Mechanism of coupling between Cl − and OH − transport in renal brush-border membranes

Abstract

The coupling mechanism for Cl − and H +/OH − transport in renal brush-border vesicles was examined from intravesicular pH changes following imposed H + and Cl − gradients. Vesicles were loaded with 6-carboxyfluorescein and exposed to H + gradients and Cl −, gluconate, or sulfate gradients, each with and without a K +/valinomycin voltage clamp. Parallel experiments were performed with vesicles equilibrated with 10 mM HCO 3 − or 5 mM formate. Rate of H +/OH − transport was determined from the initial rate of change in 6-carboxyfluorescein fluorescence, vesicle buffer capacity and the relationship between fluorescence and vesicle pH. In contrast to gluconate or sulfate, Cl − caused enhanced H +/OH − transport under all conditions.

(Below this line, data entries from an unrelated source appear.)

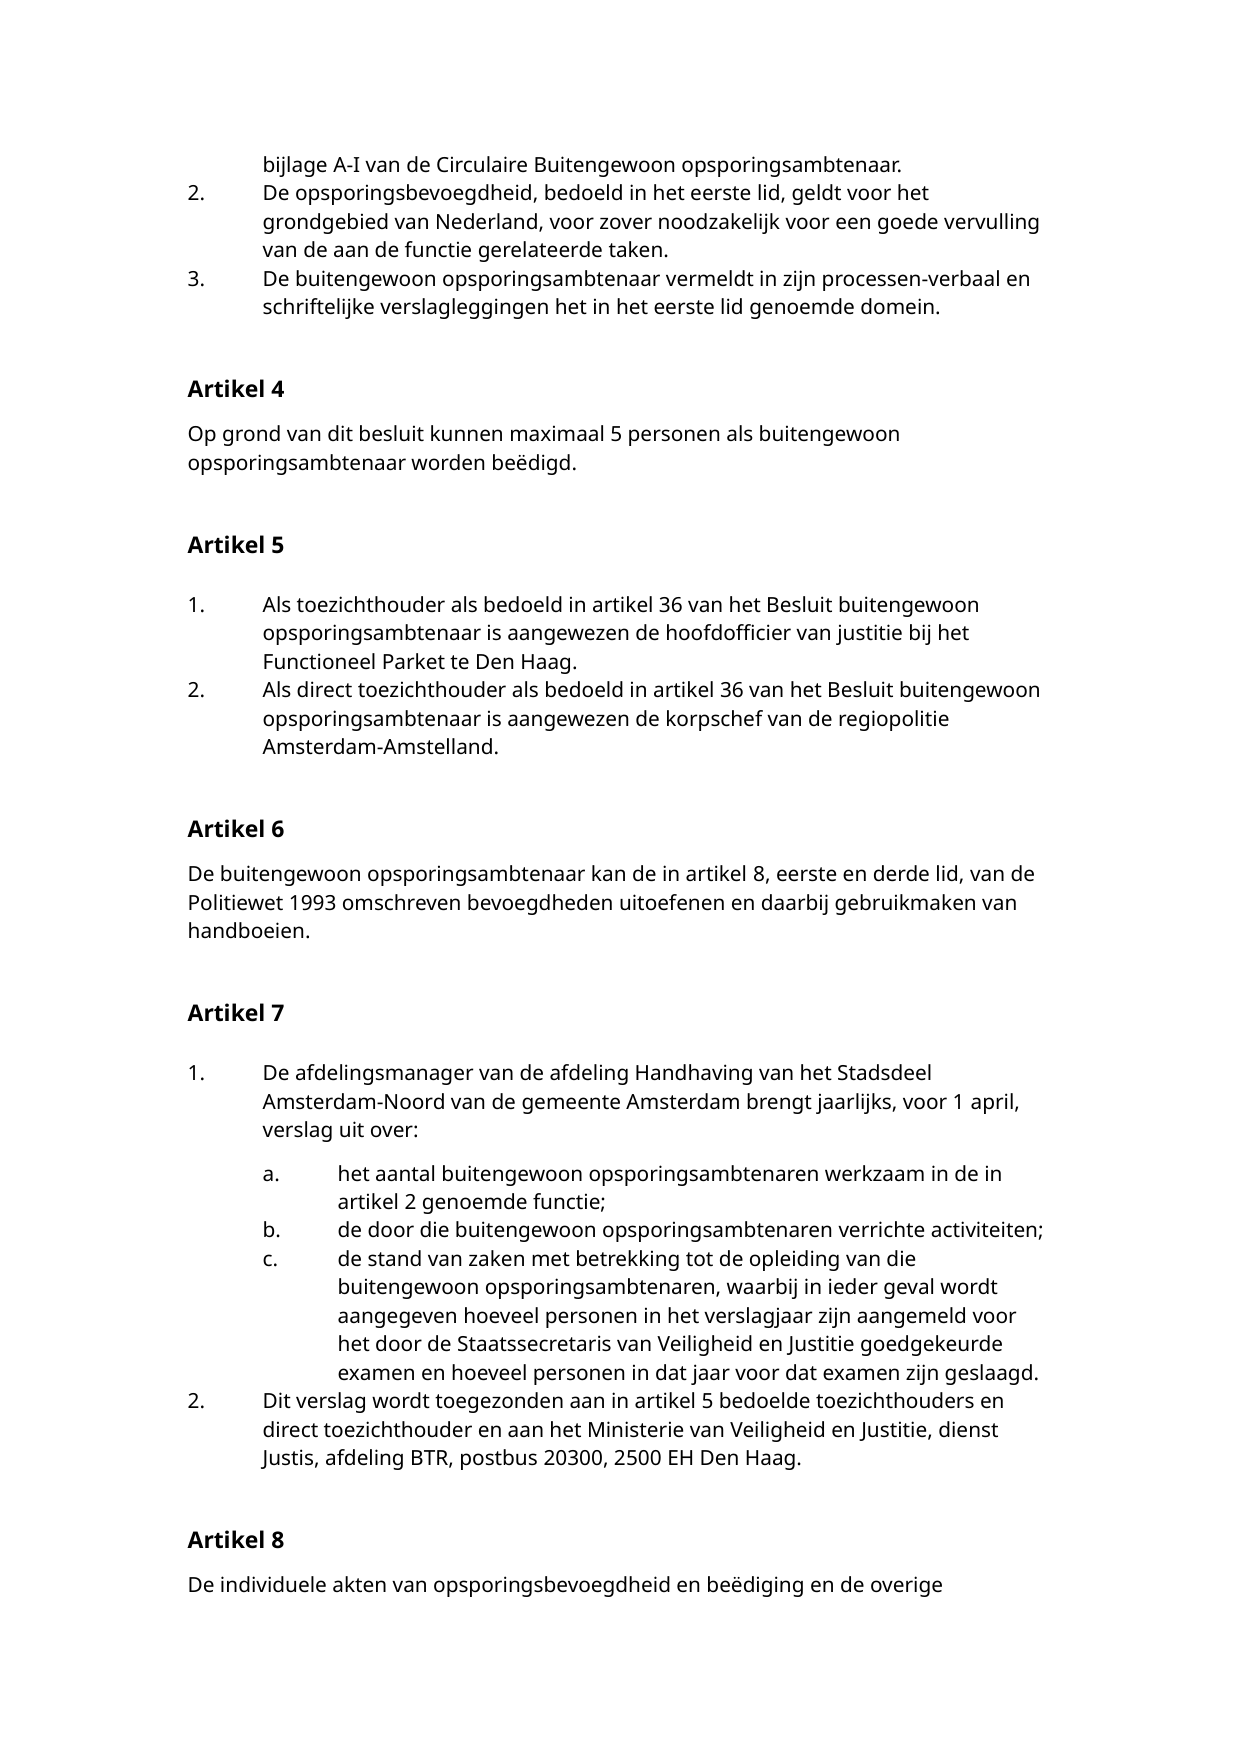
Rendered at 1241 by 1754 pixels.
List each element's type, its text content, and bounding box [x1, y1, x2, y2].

list De buitengewoon opsporingsambtenaar vermeldt in zijn processen-verbaal en schriftelijke verslagleggingen het in het eerste lid genoemde domein. [187, 264, 1053, 321]
list de stand van zaken met betrekking tot de opleiding van die buitengewoon opsporingsambtenaren, waarbij in ieder geval wordt aangegeven hoeveel personen in het verslagjaar zijn aangemeld voor het door de Staatssecretaris van Veiligheid en Justitie goedgekeurde examen en hoeveel personen in dat jaar voor dat examen zijn geslaagd. [262, 1244, 1053, 1386]
list het aantal buitengewoon opsporingsambtenaren werkzaam in de in artikel 2 genoemde functie; [262, 1159, 1053, 1216]
list Dit verslag wordt toegezonden aan in artikel 5 bedoelde toezichthouders en direct toezichthouder en aan het Ministerie van Veiligheid en Justitie, dienst Justis, afdeling BTR, postbus 20300, 2500 EH Den Haag. [187, 1386, 1053, 1472]
text Op grond van dit besluit kunnen maximaal 5 personen als buitengewoon opsporingsambtenaar worden beëdigd. [187, 419, 1053, 476]
text De buitengewoon opsporingsambtenaar kan de in artikel 8, eerste en derde lid, van de Politiewet 1993 omschreven bevoegdheden uitoefenen en daarbij gebruikmaken van handboeien. [187, 859, 1053, 945]
list De opsporingsbevoegdheid, bedoeld in het eerste lid, geldt voor het grondgebied van Nederland, voor zover noodzakelijk voor een goede vervulling van de aan de functie gerelateerde taken. [187, 178, 1053, 264]
subtitle Artikel 8 [187, 1524, 1053, 1555]
list Als toezichthouder als bedoeld in artikel 36 van het Besluit buitengewoon opsporingsambtenaar is aangewezen de hoofdofficier van justitie bij het Functioneel Parket te Den Haag. [187, 590, 1053, 675]
subtitle Artikel 6 [187, 813, 1053, 844]
list De afdelingsmanager van de afdeling Handhaving van het Stadsdeel Amsterdam-Noord van de gemeente Amsterdam brengt jaarlijks, voor 1 april, verslag uit over: [187, 1058, 1053, 1144]
subtitle Artikel 7 [187, 997, 1053, 1028]
subtitle Artikel 5 [187, 529, 1053, 560]
list de door die buitengewoon opsporingsambtenaren verrichte activiteiten; [262, 1216, 1053, 1244]
list Als direct toezichthouder als bedoeld in artikel 36 van het Besluit buitengewoon opsporingsambtenaar is aangewezen de korpschef van de regiopolitie Amsterdam-Amstelland. [187, 675, 1053, 761]
list bijlage A-I van de Circulaire Buitengewoon opsporingsambtenaar. [187, 150, 1053, 178]
subtitle Artikel 4 [187, 373, 1053, 404]
text De individuele akten van opsporingsbevoegdheid en beëdiging en de overige [187, 1570, 1053, 1599]

This difference was eliminated with voltage clamping in the presence of gluconate, SO 4 2−, or HCO 3 −, but not in the presence of formate. These findings were not affected by the method of preparation of the vesicles. Electrically coupled Cl −/OH − transport was not inhibited by 100 μM DIDS (4,4′-diisothiocyanostilbene-2,2′-disulfonate) or 100 μM DBDS (4,4′-dibenzamidostilbene-2,2′-disulfonate). SITS (4-acetamido-4′-isothiocyanostilbene-2,2′-disulfonate) was found to be a protonphore at concentrations > 500 μM. As a control for the method, we demonstrated amiloride inhibitable, electroneutral Na +-H + exchange (H + flux = 107 ± 9 nmol/s per mg, 100 mM Na +) and electroneutral, DBDS inhibitable Cl −-HCO 3 − exchange in sealed human red blood cell ghosts. Therefore, electroneutral Cl −-OH − or HCO 3 − exchange does not measurably contribute to Cl − transport in the proximal tubule brush border. Cl −-formate exchange with formic acid recyling appears to be the only electroneutral coupling mechanism between Cl − and OH − transport demonstrable in renal brush-border membrane vesicles.